The mild spring breezes and twittering birds attract people from all over Shanghai, whether to photograph flowers, take some serious exercise or simply immerse themselves in a little oasis of urban tranquility.
There are now more than 600 kilometers of greenway in Shanghai. These municipal parks provide a natural respite from the concrete, glass and steel. By the end of 2020, the city plans to have 1,000 kilometers of greenway and twice as much by 2035.
The riverfront Huangpu River greenway, known as the “No. 1 municipal greenway,” stretching 8.3 kilometers through Huangpu District with walking, jogging and cycling tracks, has become a popular getaway for residents and tourists.
“The area was once nothing but stones and weeds. Now, it is such a beautiful place and full of life,” said Jiang Liping who lives in a nearby residential complex.
“I come here almost every day with my grandson when the weather is fine. We love the cherry blossoms and magnolia. We walked more than 2 kilometers today and saw many different kinds of birds.”
Greenway is ecological space with environmental, health and leisure functions. It is comprised of gardens, forest, water courses, roads and boulevards, according to the Shanghai Greenery and Public Sanitation Bureau.
It makes the best use of existing resources and links parks, forests, wetlands and historic areas, villages and residential blocks.
The No. 1 greenway is located on the former World Expo 2010 site on the western side of the Huangpu River, an area closed after the Expo ended.
“When planning and building the park, we wanted to return the beauty of the river and the riverbank to residents,” said Zhu Xiaojun, director of the planning and construction department of the Huangpu District Greenery Management Station. “We want the people to get closer to our mother river.”
Liu Dingliang has lived in the neighborhood for more than 10 years.
“I used to have to jog on the streets,” he said. “The area was derelict for a long time after the Expo finished. It was quite spooky at night with all the unoccupied pavilions. The place has improved a lot.
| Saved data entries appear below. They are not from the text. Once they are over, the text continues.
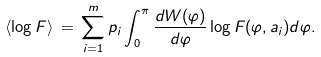<formula> <loc_0><loc_0><loc_500><loc_500>\langle \log F \rangle \, = \, \sum _ { i = 1 } ^ { m } p _ { i } \int _ { 0 } ^ { \pi } \frac { d W ( \varphi ) } { d \varphi } \log F ( \varphi , a _ { i } ) d \varphi .</formula> 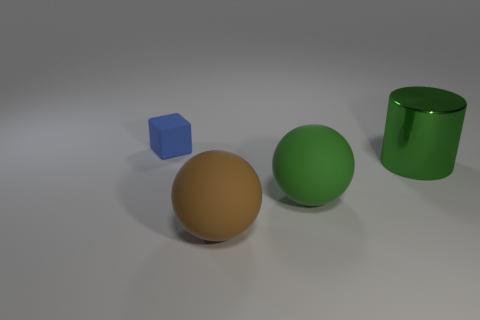Add 4 big rubber things. How many objects exist? 8 Subtract all cylinders. How many objects are left? 3 Add 4 big cyan matte cylinders. How many big cyan matte cylinders exist? 4 Subtract 0 purple cylinders. How many objects are left? 4 Subtract 1 cylinders. How many cylinders are left? 0 Subtract all gray cylinders. Subtract all cyan cubes. How many cylinders are left? 1 Subtract all green cylinders. How many green balls are left? 1 Subtract all small blocks. Subtract all brown matte balls. How many objects are left? 2 Add 4 large green matte things. How many large green matte things are left? 5 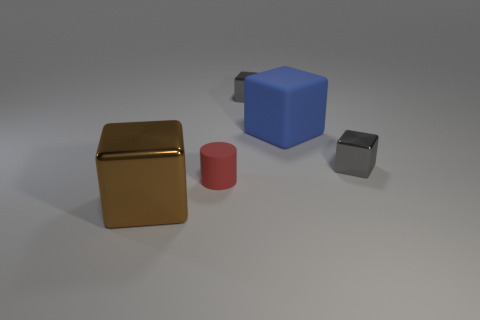Add 2 red cylinders. How many objects exist? 7 Subtract all cylinders. How many objects are left? 4 Subtract 0 purple balls. How many objects are left? 5 Subtract all red rubber blocks. Subtract all big brown metal objects. How many objects are left? 4 Add 4 rubber cylinders. How many rubber cylinders are left? 5 Add 4 large gray shiny spheres. How many large gray shiny spheres exist? 4 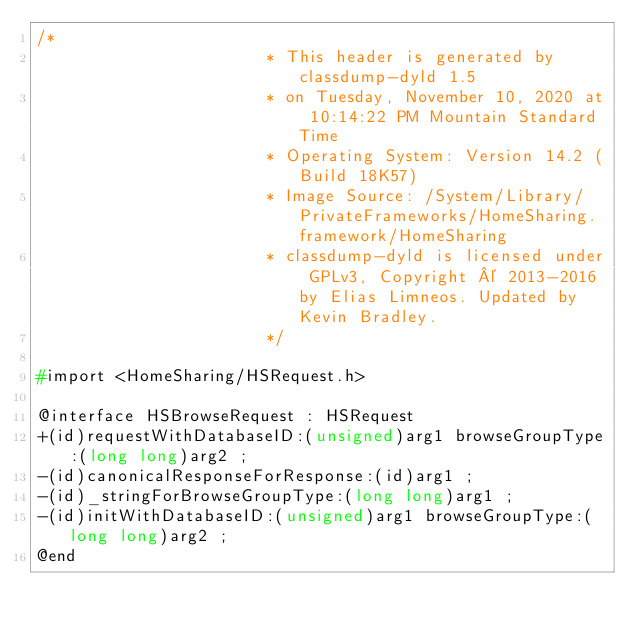<code> <loc_0><loc_0><loc_500><loc_500><_C_>/*
                       * This header is generated by classdump-dyld 1.5
                       * on Tuesday, November 10, 2020 at 10:14:22 PM Mountain Standard Time
                       * Operating System: Version 14.2 (Build 18K57)
                       * Image Source: /System/Library/PrivateFrameworks/HomeSharing.framework/HomeSharing
                       * classdump-dyld is licensed under GPLv3, Copyright © 2013-2016 by Elias Limneos. Updated by Kevin Bradley.
                       */

#import <HomeSharing/HSRequest.h>

@interface HSBrowseRequest : HSRequest
+(id)requestWithDatabaseID:(unsigned)arg1 browseGroupType:(long long)arg2 ;
-(id)canonicalResponseForResponse:(id)arg1 ;
-(id)_stringForBrowseGroupType:(long long)arg1 ;
-(id)initWithDatabaseID:(unsigned)arg1 browseGroupType:(long long)arg2 ;
@end

</code> 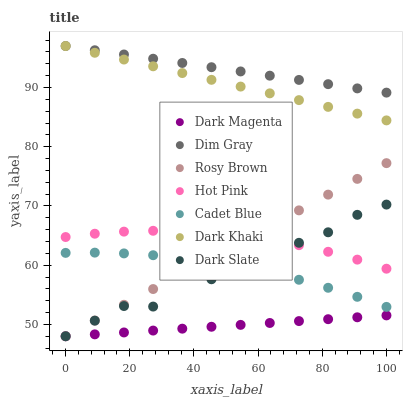Does Dark Magenta have the minimum area under the curve?
Answer yes or no. Yes. Does Dim Gray have the maximum area under the curve?
Answer yes or no. Yes. Does Rosy Brown have the minimum area under the curve?
Answer yes or no. No. Does Rosy Brown have the maximum area under the curve?
Answer yes or no. No. Is Dark Khaki the smoothest?
Answer yes or no. Yes. Is Dark Slate the roughest?
Answer yes or no. Yes. Is Dark Magenta the smoothest?
Answer yes or no. No. Is Dark Magenta the roughest?
Answer yes or no. No. Does Dark Magenta have the lowest value?
Answer yes or no. Yes. Does Dark Khaki have the lowest value?
Answer yes or no. No. Does Dim Gray have the highest value?
Answer yes or no. Yes. Does Rosy Brown have the highest value?
Answer yes or no. No. Is Dark Magenta less than Dim Gray?
Answer yes or no. Yes. Is Dark Khaki greater than Dark Slate?
Answer yes or no. Yes. Does Rosy Brown intersect Cadet Blue?
Answer yes or no. Yes. Is Rosy Brown less than Cadet Blue?
Answer yes or no. No. Is Rosy Brown greater than Cadet Blue?
Answer yes or no. No. Does Dark Magenta intersect Dim Gray?
Answer yes or no. No.

“I once walked more than 20,000 steps, just out of curiosity to see where the greenway leads to.
“I am much happier living here now thanks to the pleasant environment.”
Creative use of colors and materials are key to the atmosphere in the park. Permeable asphalt in different colors has been used for the jogging, cycling and walking tracks. There are 10 themed gardens include azalea, rock and herb. Cherries, lilies, golden rain and ginkgo trees provide a constantly changing natural kaleidoscope throughout the year.
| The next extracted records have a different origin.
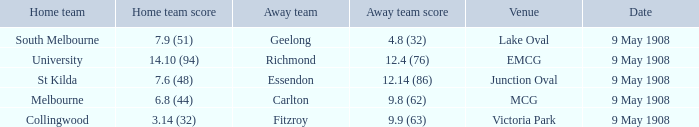Name the home team for carlton away team Melbourne. Can you give me this table as a dict? {'header': ['Home team', 'Home team score', 'Away team', 'Away team score', 'Venue', 'Date'], 'rows': [['South Melbourne', '7.9 (51)', 'Geelong', '4.8 (32)', 'Lake Oval', '9 May 1908'], ['University', '14.10 (94)', 'Richmond', '12.4 (76)', 'EMCG', '9 May 1908'], ['St Kilda', '7.6 (48)', 'Essendon', '12.14 (86)', 'Junction Oval', '9 May 1908'], ['Melbourne', '6.8 (44)', 'Carlton', '9.8 (62)', 'MCG', '9 May 1908'], ['Collingwood', '3.14 (32)', 'Fitzroy', '9.9 (63)', 'Victoria Park', '9 May 1908']]} 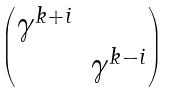<formula> <loc_0><loc_0><loc_500><loc_500>\begin{pmatrix} \gamma ^ { k + i } & \\ & \gamma ^ { k - i } \\ \end{pmatrix}</formula> 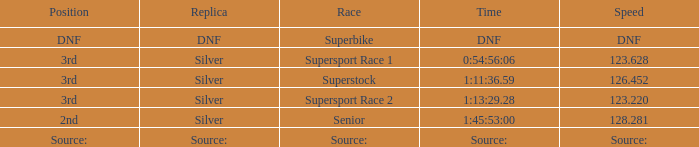Which race has a replica of DNF? Superbike. 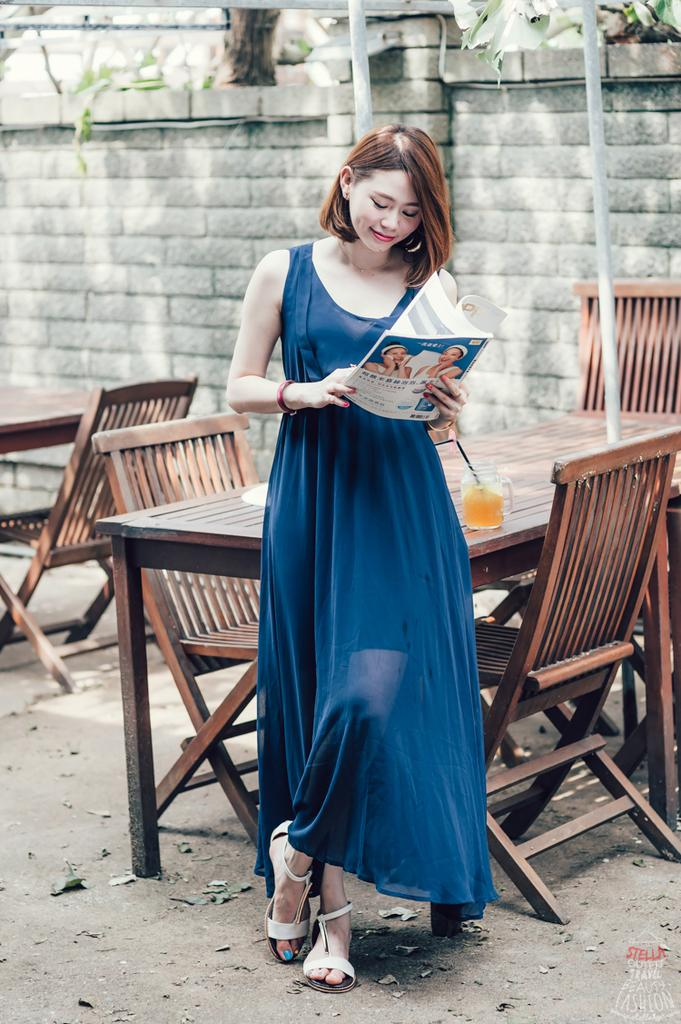What is the main subject of the image? There is a woman in the image. Can you describe what the woman is wearing? The woman is wearing a blue gown. What is the woman holding in the image? The woman is holding a book. What furniture is present in the image? There is a table and chairs beside the table in the image. What is on the table? There is a glass with juice and a straw on the table. What can be seen in the background of the image? There is a brick wall in the background of the image. What type of industry can be seen in the background of the image? There is no industry present in the image; it features a brick wall in the background. How many rays of sunlight are visible in the image? There is no mention of sunlight or rays in the image; it is focused on the woman, her clothing, and the surrounding environment. 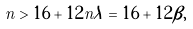<formula> <loc_0><loc_0><loc_500><loc_500>n > 1 6 + 1 2 n \lambda = 1 6 + 1 2 \beta ,</formula>

“The greenway is designed to appeal to visitors through all four seasons,” said Zhu. “The Huangpu District section has the richest variety of plant life of all the 45-kilometer riverfront. One single rock garden has nearly 200 varieties of plants.
“In spring, there are cherry blossom and tulips. In summer, the area is a purple sea of flowers with bigleaf hydrangea in full bloom. In autumn and winter, there are chrysanthemums and ornamental grasses.”
In total, 18 gardens are planned with all to be finished by 2021.
They all have rainwater collection and recycling systems, and a lot of thought has gone into attracting as many species of birds as possible. Each design reflects some aspect of the personality of the area.
“The Huangpu River has a rich history and culture,” said Zhu. “We want to preserve that, and also to make our own mark and add something new. We have used some completely novel concepts in our designs.”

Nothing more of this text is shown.